The QTrait() function returns a data frame with the following columns:

Genetic Correlation Estimates (Common Pathway Model)

  • rGF1Trait_CPM: Genetic correlation between the external correlate (i.e., Educational Attainment) and the common factor (i.e., the genetic g factor).
  • SErGF1Trait_CPM: Standard error of the genetic correlation.
  • pvalrGF1Trait_CPM: p-value for the genetic correlation estimate.
  • rGF1Trait_significant_CPM: Bonferroni-corrected significance of the genetic correlation (* = statistically significant).

Heterogeneity Indices (Common Pathway Model)

  • QTrait_CPM: QTrait heterogeneity statistic, derived from a χ² difference test comparing:
    1. The common pathway model, where the external correlate predicts only the common factor.
    2. The independent pathways model, where the external correlate directly predicts individual indicator phenotypes.
      A significant QTrait_CPM suggests that the relationship between the external correlate and the indicator traits cannot be fully explained by the common factor, implying the presence of more specific genetic pathways.
  • df_CPM: Degrees of freedom for QTrait_CPM.
  • p_value_CPM: p-value of QTrait_CPM.
  • Qsignificant_CPM: Bonferroni-corrected significance of QTrait_CPM (* = statistically significant).
  • lSRMR_CPM: Local Standardized Root Mean Squared Residual (lSRMR), an index quantifying discrepancies between observed genetic correlations (LDSC-derived) and those implied by the common pathway model.
  • lSRMR_above_threshold_CPM: Indicates whether lSRMR_CPM exceeds 25% of the root mean square genetic correlation between the external correlate and individual phenotypes and lSRMR_CPM is greated than **0.10).

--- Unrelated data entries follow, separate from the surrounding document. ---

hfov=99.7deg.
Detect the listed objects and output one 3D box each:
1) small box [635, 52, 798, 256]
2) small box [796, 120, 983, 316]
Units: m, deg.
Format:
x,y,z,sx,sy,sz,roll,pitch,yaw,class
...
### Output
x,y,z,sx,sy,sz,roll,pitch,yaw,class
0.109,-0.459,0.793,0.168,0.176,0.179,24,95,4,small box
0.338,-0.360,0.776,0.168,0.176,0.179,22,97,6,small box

This threshold is defined by the arguments lsrmr (default = 0.25) andlsrmrthreshold (default = 0.10).
  • heterogeneity_CPM: Indicates the presence of statistically significant (QTrait_CPM) and meaningful (lSRMR_CPM above threshold) heterogeneity in the common pathway model.

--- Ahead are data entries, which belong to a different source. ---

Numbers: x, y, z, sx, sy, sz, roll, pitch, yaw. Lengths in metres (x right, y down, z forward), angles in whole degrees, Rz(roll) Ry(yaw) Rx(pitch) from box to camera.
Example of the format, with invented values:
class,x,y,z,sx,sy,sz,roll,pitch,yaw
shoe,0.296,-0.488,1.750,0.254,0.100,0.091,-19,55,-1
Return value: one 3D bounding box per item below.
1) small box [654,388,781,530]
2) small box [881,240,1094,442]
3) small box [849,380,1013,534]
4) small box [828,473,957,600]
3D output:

Genetic Correlation Estimates (Follow-Up Model)

  • rGF1Trait_FUM: Genetic correlation between the external correlate and the common factor in the follow-up model, which allows unconstrained direct paths to identified outlier indicator traits (see Unconstrained_paths).
  • SErGF1Trait_FUM: Standard error of rGF1Trait_FUM.
  • pvalrGF1Trait_FUM: p-value for rGF1Trait_FUM.
  • rGF1Trait_significant_FUM: Bonferroni-corrected significance of rGF1Trait_FUM.

Heterogeneity Indices (Follow-Up Model)

  • QTrait_FUM: QTrait heterogeneity statistic in the follow-up model.
  • df_FUM: Degrees of freedom for QTrait_FUM.
  • p_value_FUM: p-value of QTrait_FUM.
  • Qsignificant_FUM: Bonferroni-corrected significance of QTrait_FUM.
  • lSRMR_FUM: Local Standardized Root Mean Squared Residual (lSRMR) in the follow-up model.
  • lSRMR_above_threshold_FUM: Indicates whether lSRMR_FUM exceeds 25% of the root mean square genetic correlation between the external correlate and individual phenotypes and lSRMR_FUM is greated than **0.10). This threshold is defined by the arguments lsrmr (default = 0.25) andlsrmrthreshold (default = 0.10).
  • heterogeneity_FUM: Indicates the presence of statistically significant (QTrait_FUM) and meaningful (lSRMR_FUM above threshold) heterogeneity in the follow-up model.

Outlier Identification

  • Unconstrained_paths: Indicator traits identified as outliers with unconstrained direct paths from the external correlate in the follow-up model.

In this example, we examined the genetic relationship between the genetic g factor and educational attainment, which showed a significant genetic correlation in the common pathway model (rG = 0.44, SE = 0.02, p < 0.001). The heterogeneity indices revealed significant and meaningful heterogeneity in the association between educational attainment and the individual indicators of the genetic g factor, as indicated by the QTrait statistic (QTrait(6) = 1930.88, p < 0.001) and a meaningful lSRMR (i.e., greater than the absolute threshold of 0.10 and exceeding 25% of the root mean square genetic correlation between the external correlate and the individual cognitive phenotypes; root mean square genetic correlation = 0.41, 25% of root mean square genetic correlation = 0.10, lSRMR = 0.19).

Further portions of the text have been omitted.